PROBLEM TO WORK ON
Go line by line through the entries below and copy those containing the string "each".

EXTRACTED RECORDS
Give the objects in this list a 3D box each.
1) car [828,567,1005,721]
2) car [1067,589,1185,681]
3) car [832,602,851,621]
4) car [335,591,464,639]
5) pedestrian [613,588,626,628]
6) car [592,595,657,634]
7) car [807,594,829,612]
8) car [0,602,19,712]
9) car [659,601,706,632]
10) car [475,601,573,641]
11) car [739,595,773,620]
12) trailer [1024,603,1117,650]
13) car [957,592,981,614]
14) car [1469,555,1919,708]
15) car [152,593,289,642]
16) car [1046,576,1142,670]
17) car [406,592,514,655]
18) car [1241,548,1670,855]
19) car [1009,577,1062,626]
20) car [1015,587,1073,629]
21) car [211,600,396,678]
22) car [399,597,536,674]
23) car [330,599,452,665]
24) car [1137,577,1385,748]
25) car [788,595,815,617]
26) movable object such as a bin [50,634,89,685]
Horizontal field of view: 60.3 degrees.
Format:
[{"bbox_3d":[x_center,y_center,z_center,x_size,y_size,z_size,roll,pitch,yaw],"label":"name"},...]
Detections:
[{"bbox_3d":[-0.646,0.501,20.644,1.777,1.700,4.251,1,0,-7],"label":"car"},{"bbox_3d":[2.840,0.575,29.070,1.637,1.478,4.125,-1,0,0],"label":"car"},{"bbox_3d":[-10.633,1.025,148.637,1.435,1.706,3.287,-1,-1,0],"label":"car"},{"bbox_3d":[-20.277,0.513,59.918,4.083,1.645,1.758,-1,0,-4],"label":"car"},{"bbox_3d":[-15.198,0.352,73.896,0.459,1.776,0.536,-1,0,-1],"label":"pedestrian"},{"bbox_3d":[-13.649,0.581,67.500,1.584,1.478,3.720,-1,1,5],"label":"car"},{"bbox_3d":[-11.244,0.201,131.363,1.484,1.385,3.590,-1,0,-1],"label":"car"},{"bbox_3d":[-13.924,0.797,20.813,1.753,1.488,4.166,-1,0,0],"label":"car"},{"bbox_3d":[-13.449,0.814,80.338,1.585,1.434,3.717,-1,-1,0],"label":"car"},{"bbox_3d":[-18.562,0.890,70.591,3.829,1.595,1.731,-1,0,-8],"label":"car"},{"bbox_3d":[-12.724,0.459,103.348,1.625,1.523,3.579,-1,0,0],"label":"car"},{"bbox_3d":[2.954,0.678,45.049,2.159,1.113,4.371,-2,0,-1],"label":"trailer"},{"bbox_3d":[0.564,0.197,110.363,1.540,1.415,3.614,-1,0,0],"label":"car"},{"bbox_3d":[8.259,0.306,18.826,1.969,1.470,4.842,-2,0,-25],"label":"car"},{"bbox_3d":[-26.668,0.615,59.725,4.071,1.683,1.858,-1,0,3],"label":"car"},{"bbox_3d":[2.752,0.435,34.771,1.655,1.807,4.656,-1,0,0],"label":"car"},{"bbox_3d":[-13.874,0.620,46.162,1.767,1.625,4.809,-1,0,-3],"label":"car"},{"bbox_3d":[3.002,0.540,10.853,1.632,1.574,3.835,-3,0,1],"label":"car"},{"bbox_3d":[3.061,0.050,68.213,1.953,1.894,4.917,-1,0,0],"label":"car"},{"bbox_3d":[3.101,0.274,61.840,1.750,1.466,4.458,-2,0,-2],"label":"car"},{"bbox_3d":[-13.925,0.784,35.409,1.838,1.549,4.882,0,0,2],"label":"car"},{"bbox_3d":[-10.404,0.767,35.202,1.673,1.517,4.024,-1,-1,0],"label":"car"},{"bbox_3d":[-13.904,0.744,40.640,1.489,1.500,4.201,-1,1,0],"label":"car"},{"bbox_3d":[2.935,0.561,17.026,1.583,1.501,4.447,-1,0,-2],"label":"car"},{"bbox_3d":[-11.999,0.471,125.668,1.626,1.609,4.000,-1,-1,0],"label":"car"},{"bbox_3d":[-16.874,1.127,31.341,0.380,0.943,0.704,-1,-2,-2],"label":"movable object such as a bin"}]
==
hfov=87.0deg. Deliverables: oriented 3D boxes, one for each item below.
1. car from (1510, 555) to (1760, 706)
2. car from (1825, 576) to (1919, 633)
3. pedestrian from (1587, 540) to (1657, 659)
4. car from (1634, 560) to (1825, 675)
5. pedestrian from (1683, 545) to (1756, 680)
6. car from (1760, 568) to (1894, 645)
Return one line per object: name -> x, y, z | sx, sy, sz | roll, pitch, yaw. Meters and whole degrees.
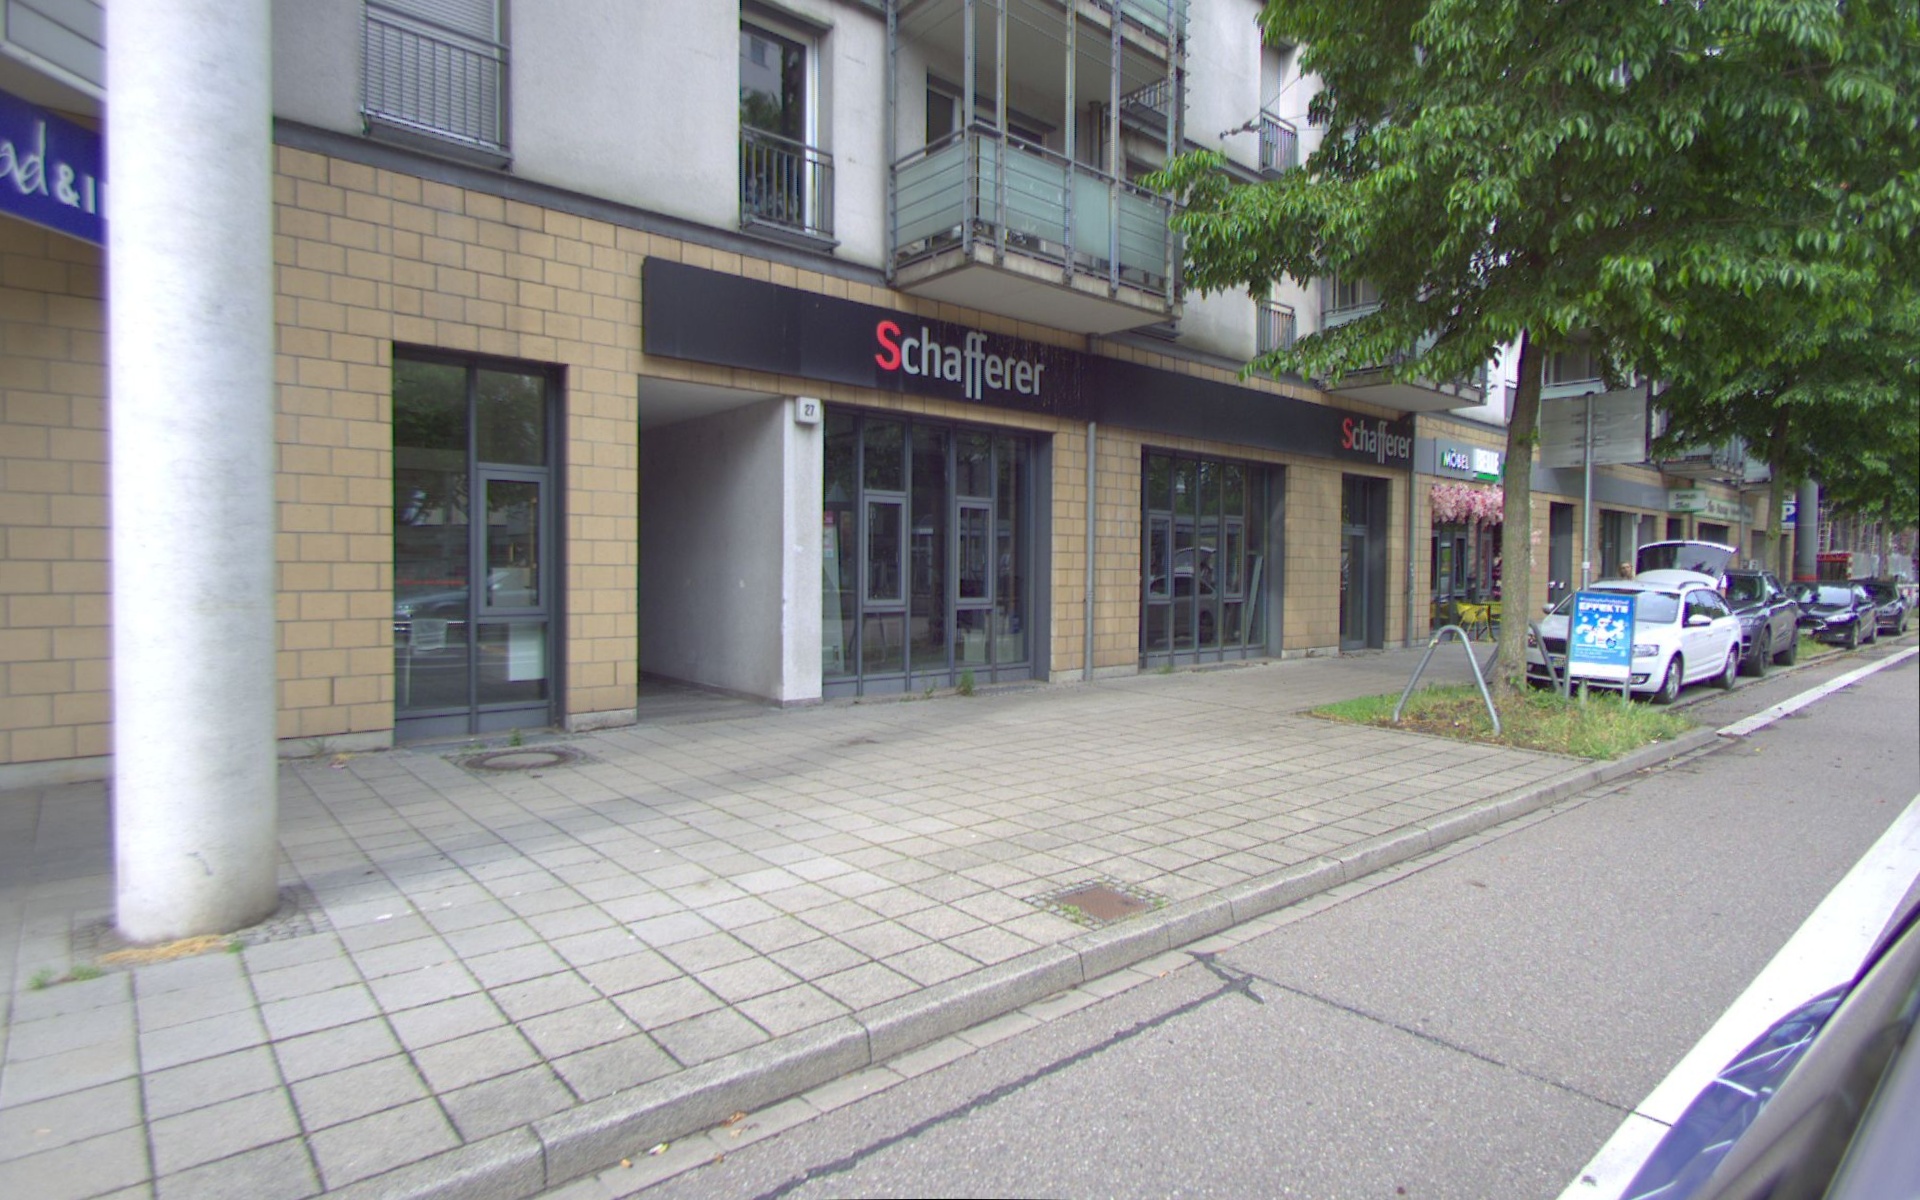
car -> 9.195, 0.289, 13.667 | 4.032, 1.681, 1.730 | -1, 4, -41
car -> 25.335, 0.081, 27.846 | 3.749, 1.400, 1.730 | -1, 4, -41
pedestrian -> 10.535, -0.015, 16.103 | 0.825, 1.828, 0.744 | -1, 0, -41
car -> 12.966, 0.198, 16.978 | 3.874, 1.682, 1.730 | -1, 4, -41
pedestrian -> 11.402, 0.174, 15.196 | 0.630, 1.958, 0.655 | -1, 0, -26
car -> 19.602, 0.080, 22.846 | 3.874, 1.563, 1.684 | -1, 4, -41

TASK RESPONSE
Give the objects in this list a 3D box each.
hfov=87.0deg. Deliverables: oriented 3D boxes, one for each item below.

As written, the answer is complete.